- [WHAT THE TASK REQUIRES]: Please write out the whole listing that follows exactly; the pictures stay out.

- [RECORDED DATA]:
= Beginning of Section =

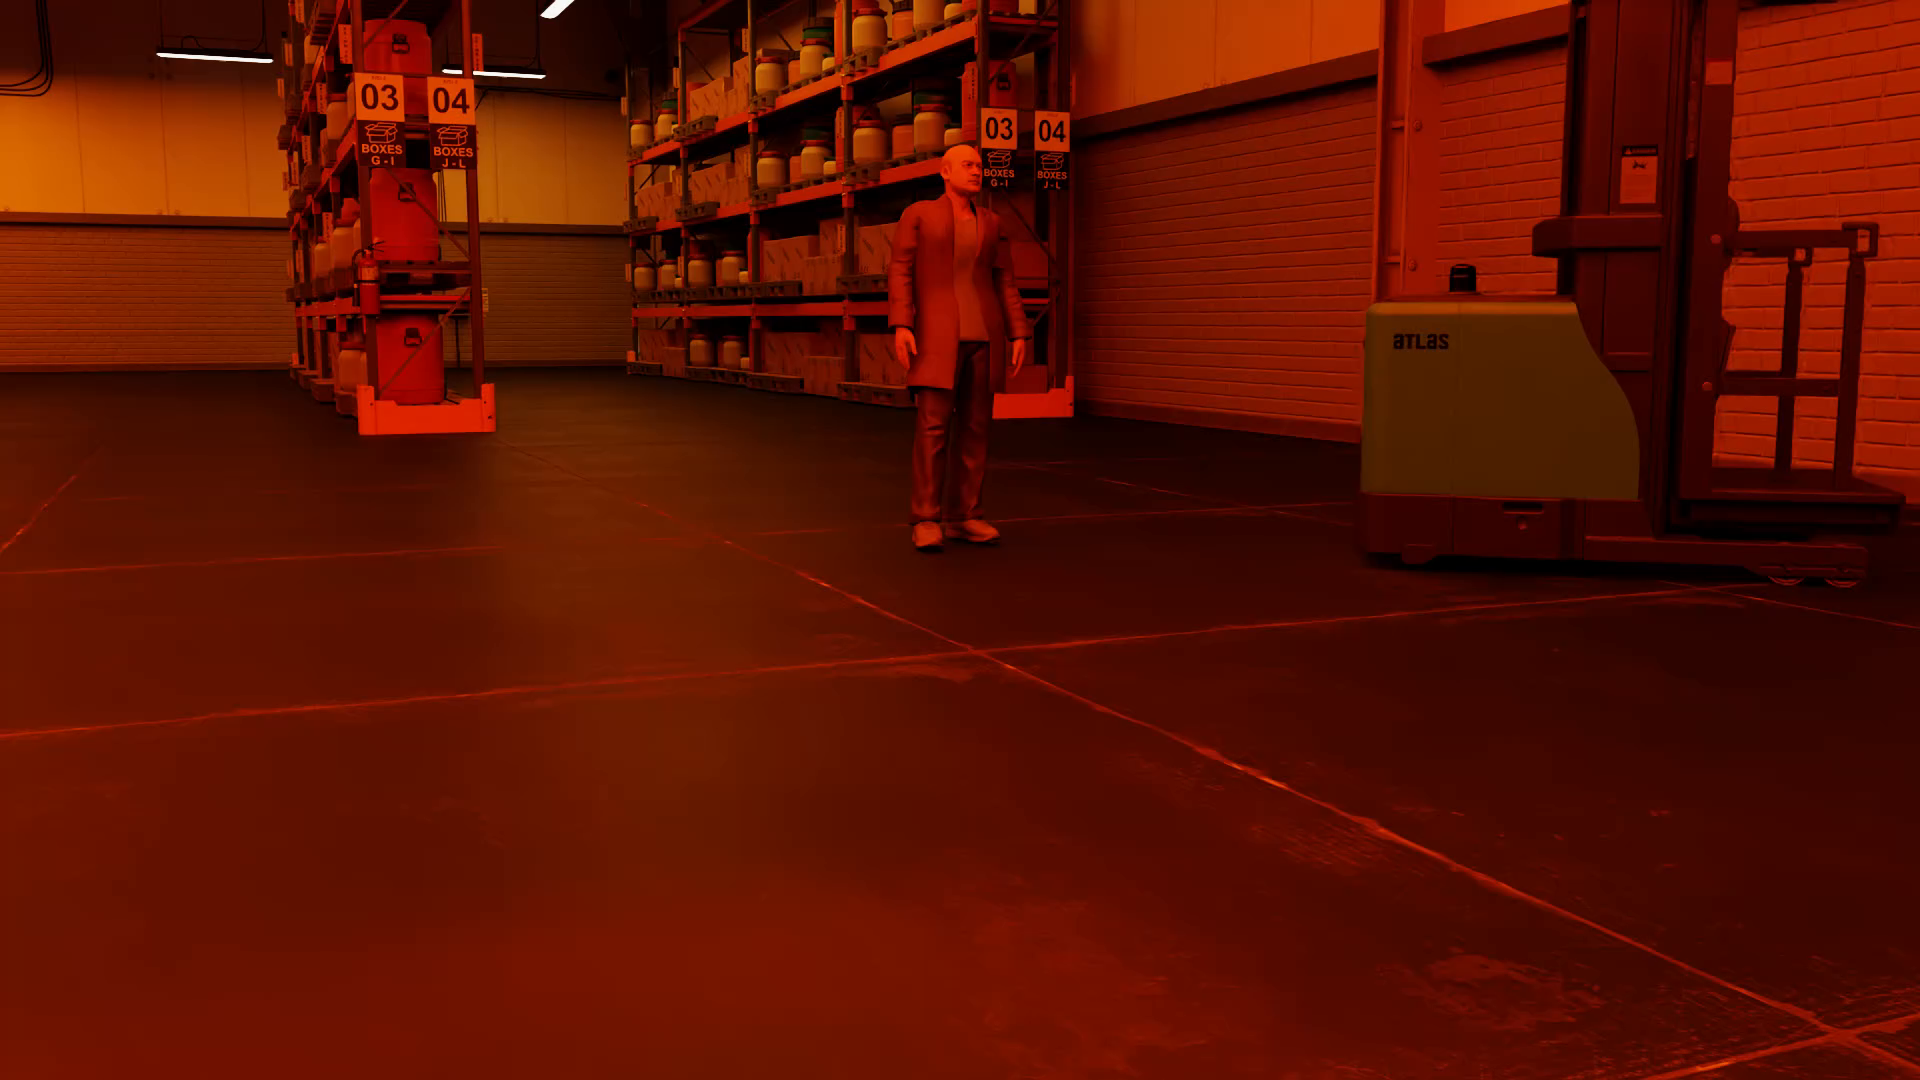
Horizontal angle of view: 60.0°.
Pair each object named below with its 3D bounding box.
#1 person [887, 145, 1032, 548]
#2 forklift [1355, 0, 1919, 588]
[{"bbox_3d":[0.033,-0.877,7.452,0.698,1.777,0.579,-3,8,-23],"label":"person"},{"bbox_3d":[3.195,-1.349,6.674,3.031,2.935,1.130,2,8,14],"label":"forklift"}]

= End of Section =

- [RESPONSE AREA]:
Horizontal angle of view: 60.0°.
Pair each object named below with its 3D bounding box.
#1 person [887, 145, 1032, 548]
#2 forklift [1355, 0, 1919, 588]
[{"bbox_3d":[0.033,-0.877,7.452,0.698,1.777,0.579,-3,8,-23],"label":"person"},{"bbox_3d":[3.195,-1.349,6.674,3.031,2.935,1.130,2,8,14],"label":"forklift"}]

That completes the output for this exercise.